When the air-fuel control cannot operate properly, for example because of a low exhaust temperature or under deceleration conditions, a holding circuit is connected to the integrater output to maintain the integrated output at a value intermediate the fluctuating range thereof.

In accordance with another form of the invention, the system further comprises stopping means for terminating the correction of the fuel injection quantity by the feedback control system when the supply of fuel is cut off during the deceleration periods. A great advantage of this arrangement is that by stopping the correction of the fuel injection quantity under the deceleration driving conditions, it is possible to eliminate the danger of supplying an abnormally rich mixture when the fuel injection is started again upon termination of the deceleration driving conditions.

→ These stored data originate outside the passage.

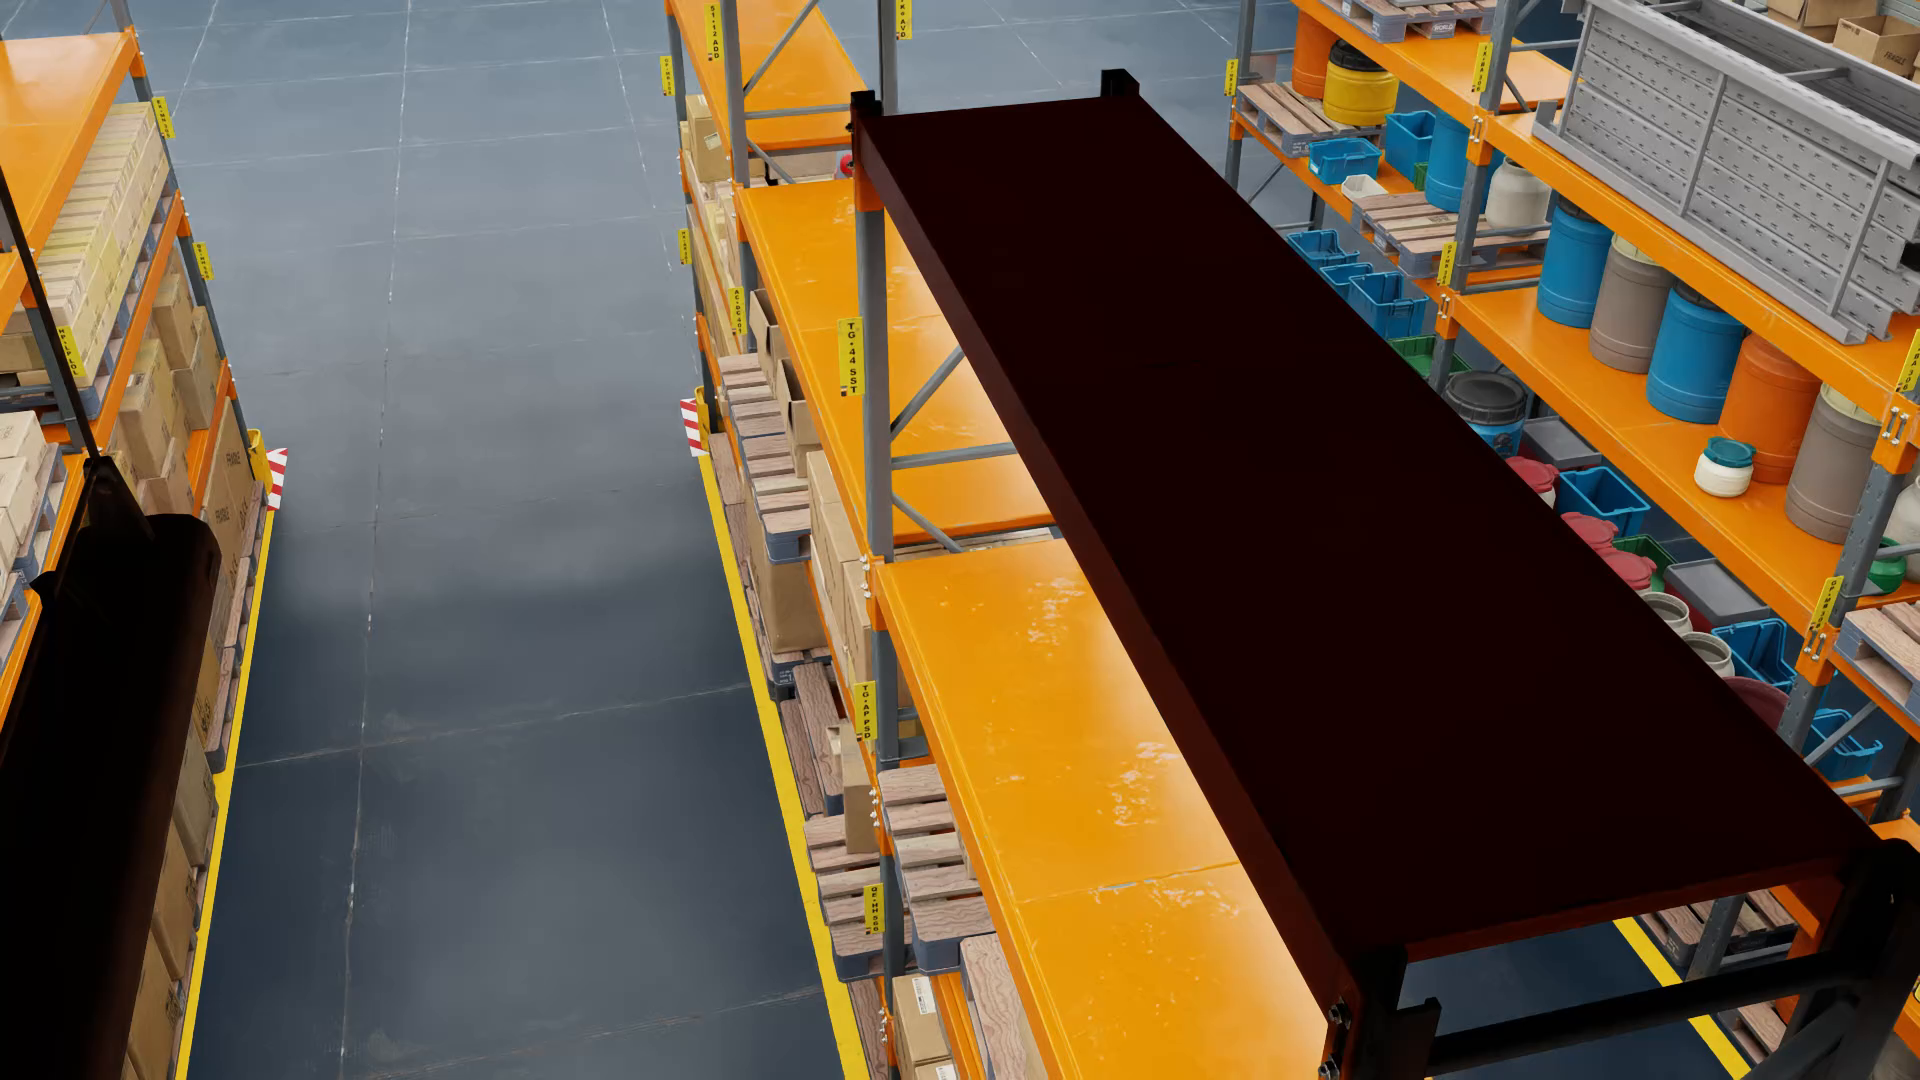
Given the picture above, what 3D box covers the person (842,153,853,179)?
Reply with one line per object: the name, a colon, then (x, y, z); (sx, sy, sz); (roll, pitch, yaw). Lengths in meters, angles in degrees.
person: (-1.097, -3.033, 16.975); (0.616, 1.760, 0.688); (2, 34, 3)
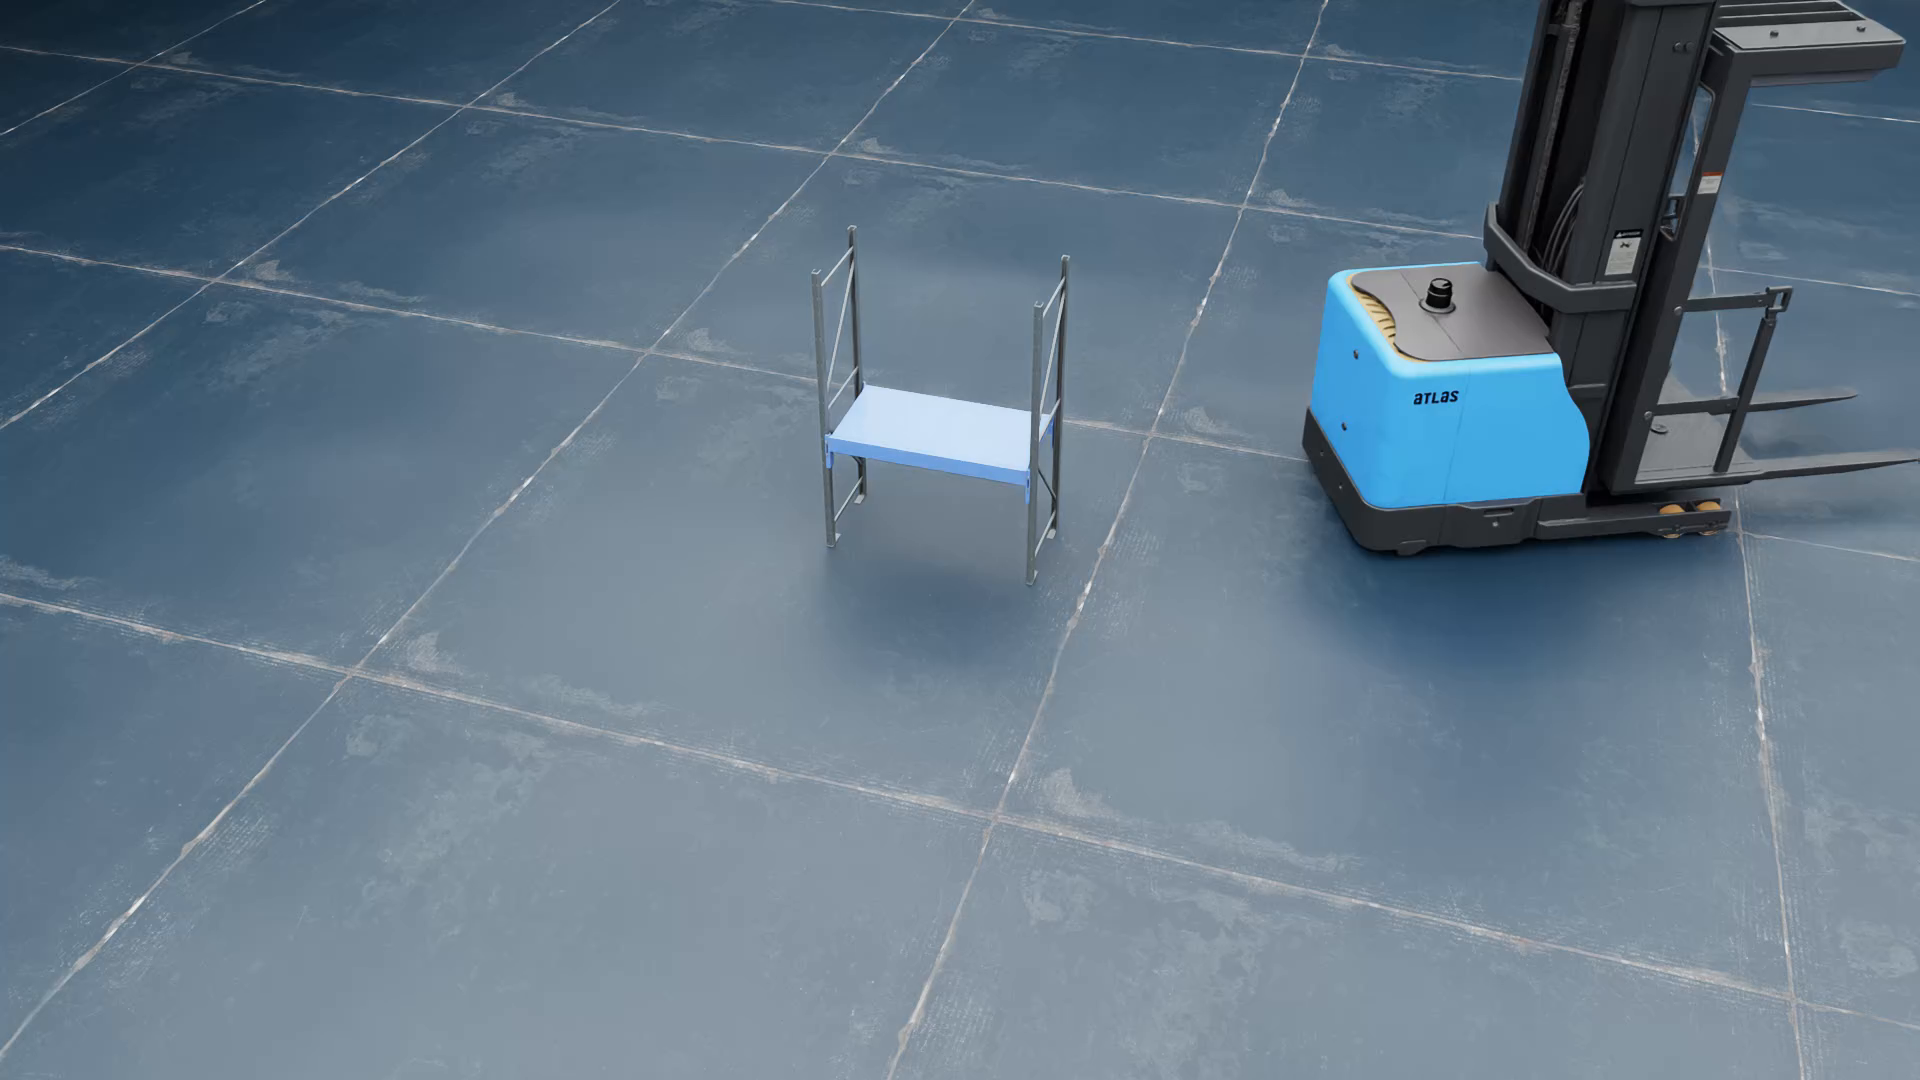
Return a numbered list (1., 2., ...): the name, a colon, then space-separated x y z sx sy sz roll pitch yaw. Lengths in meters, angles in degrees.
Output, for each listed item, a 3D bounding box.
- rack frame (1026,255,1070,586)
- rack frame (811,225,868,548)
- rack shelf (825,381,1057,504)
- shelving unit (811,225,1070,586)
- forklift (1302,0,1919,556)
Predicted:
1. rack frame: 0.404 -0.529 7.704 0.032 1.500 0.500 10 38 14
2. rack frame: -0.567 -0.709 7.948 0.032 1.500 0.500 10 38 14
3. rack shelf: -0.081 -0.474 7.933 1.000 0.185 0.538 10 38 14
4. shelving unit: -0.081 -0.619 7.826 1.048 1.500 0.538 10 38 14
5. forklift: 3.372 -1.495 7.809 3.031 2.935 1.130 -5 37 -6

BRIEF DESCRIPTION OF THE DRAWING FIG. 1 is a block diagram showing an embodiment of an air-fuel ratio feedback type fuel injection control system according to the present invention.

FIG. 2 is a wiring diagram showing a detailed circuit diagram of the principal part of the embodiment shown in FIG. 1.

FIG. 3 is an input-output characteristic diagram of the manifold vacuum sensor in the system of FIG. 2.

FIG. 4 is an input-output characteristic diagram of the engine rpm sensor in the system of FIG. 2.

FIG. 5 is an input-output characteristic diagram of the adding circuit in the system of FIG. 2.

FIG. 6 is a wiring diagram showing a detailed circuit diagram for the principal part of another embodiment of the invention.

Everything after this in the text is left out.